** Opening GIVEN RECORDS block **

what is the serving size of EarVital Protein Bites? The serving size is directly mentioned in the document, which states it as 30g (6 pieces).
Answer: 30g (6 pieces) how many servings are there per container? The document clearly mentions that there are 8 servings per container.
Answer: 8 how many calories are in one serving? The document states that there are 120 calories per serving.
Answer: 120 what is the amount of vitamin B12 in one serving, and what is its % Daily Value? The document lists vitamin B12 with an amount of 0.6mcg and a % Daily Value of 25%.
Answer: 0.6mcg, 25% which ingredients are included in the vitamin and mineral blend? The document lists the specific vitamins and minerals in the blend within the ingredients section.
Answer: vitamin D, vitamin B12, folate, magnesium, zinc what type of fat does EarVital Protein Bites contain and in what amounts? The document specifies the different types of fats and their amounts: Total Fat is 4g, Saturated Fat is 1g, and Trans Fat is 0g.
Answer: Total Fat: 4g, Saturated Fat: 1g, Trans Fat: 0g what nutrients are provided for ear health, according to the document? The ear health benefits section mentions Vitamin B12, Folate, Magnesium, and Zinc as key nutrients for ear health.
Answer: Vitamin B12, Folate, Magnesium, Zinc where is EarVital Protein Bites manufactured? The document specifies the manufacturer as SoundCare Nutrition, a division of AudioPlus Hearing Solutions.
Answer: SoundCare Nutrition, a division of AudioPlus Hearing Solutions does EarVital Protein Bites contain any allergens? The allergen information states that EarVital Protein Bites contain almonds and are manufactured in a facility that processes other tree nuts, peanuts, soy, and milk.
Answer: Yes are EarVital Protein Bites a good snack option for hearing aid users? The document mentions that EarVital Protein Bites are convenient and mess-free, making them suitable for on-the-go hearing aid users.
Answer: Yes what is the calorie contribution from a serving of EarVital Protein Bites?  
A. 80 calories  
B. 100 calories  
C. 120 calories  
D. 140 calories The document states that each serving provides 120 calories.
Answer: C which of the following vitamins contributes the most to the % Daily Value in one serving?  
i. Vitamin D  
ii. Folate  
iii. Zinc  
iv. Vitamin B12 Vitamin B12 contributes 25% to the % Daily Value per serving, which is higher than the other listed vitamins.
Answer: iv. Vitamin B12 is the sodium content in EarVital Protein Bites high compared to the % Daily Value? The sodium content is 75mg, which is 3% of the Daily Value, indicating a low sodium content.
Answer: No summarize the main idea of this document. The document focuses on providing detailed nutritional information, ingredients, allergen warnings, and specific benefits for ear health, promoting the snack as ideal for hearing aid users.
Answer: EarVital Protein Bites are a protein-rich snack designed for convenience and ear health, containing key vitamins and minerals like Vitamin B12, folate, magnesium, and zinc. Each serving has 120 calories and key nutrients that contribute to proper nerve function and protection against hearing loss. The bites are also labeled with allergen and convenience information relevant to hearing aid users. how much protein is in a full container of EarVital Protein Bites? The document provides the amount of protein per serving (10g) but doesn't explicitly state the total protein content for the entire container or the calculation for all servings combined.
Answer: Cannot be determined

** Closing GIVEN RECORDS block **

YOUR TASK
Once you have read the records above, set every one of them down again exactly.

ANSWER SPACE
what is the serving size of EarVital Protein Bites? The serving size is directly mentioned in the document, which states it as 30g (6 pieces).
Answer: 30g (6 pieces) how many servings are there per container? The document clearly mentions that there are 8 servings per container.
Answer: 8 how many calories are in one serving? The document states that there are 120 calories per serving.
Answer: 120 what is the amount of vitamin B12 in one serving, and what is its % Daily Value? The document lists vitamin B12 with an amount of 0.6mcg and a % Daily Value of 25%.
Answer: 0.6mcg, 25% which ingredients are included in the vitamin and mineral blend? The document lists the specific vitamins and minerals in the blend within the ingredients section.
Answer: vitamin D, vitamin B12, folate, magnesium, zinc what type of fat does EarVital Protein Bites contain and in what amounts? The document specifies the different types of fats and their amounts: Total Fat is 4g, Saturated Fat is 1g, and Trans Fat is 0g.
Answer: Total Fat: 4g, Saturated Fat: 1g, Trans Fat: 0g what nutrients are provided for ear health, according to the document? The ear health benefits section mentions Vitamin B12, Folate, Magnesium, and Zinc as key nutrients for ear health.
Answer: Vitamin B12, Folate, Magnesium, Zinc where is EarVital Protein Bites manufactured? The document specifies the manufacturer as SoundCare Nutrition, a division of AudioPlus Hearing Solutions.
Answer: SoundCare Nutrition, a division of AudioPlus Hearing Solutions does EarVital Protein Bites contain any allergens? The allergen information states that EarVital Protein Bites contain almonds and are manufactured in a facility that processes other tree nuts, peanuts, soy, and milk.
Answer: Yes are EarVital Protein Bites a good snack option for hearing aid users? The document mentions that EarVital Protein Bites are convenient and mess-free, making them suitable for on-the-go hearing aid users.
Answer: Yes what is the calorie contribution from a serving of EarVital Protein Bites?  
A. 80 calories  
B. 100 calories  
C. 120 calories  
D. 140 calories The document states that each serving provides 120 calories.
Answer: C which of the following vitamins contributes the most to the % Daily Value in one serving?  
i. Vitamin D  
ii. Folate  
iii. Zinc  
iv. Vitamin B12 Vitamin B12 contributes 25% to the % Daily Value per serving, which is higher than the other listed vitamins.
Answer: iv. Vitamin B12 is the sodium content in EarVital Protein Bites high compared to the % Daily Value? The sodium content is 75mg, which is 3% of the Daily Value, indicating a low sodium content.
Answer: No summarize the main idea of this document. The document focuses on providing detailed nutritional information, ingredients, allergen warnings, and specific benefits for ear health, promoting the snack as ideal for hearing aid users.
Answer: EarVital Protein Bites are a protein-rich snack designed for convenience and ear health, containing key vitamins and minerals like Vitamin B12, folate, magnesium, and zinc. Each serving has 120 calories and key nutrients that contribute to proper nerve function and protection against hearing loss. The bites are also labeled with allergen and convenience information relevant to hearing aid users. how much protein is in a full container of EarVital Protein Bites? The document provides the amount of protein per serving (10g) but doesn't explicitly state the total protein content for the entire container or the calculation for all servings combined.
Answer: Cannot be determined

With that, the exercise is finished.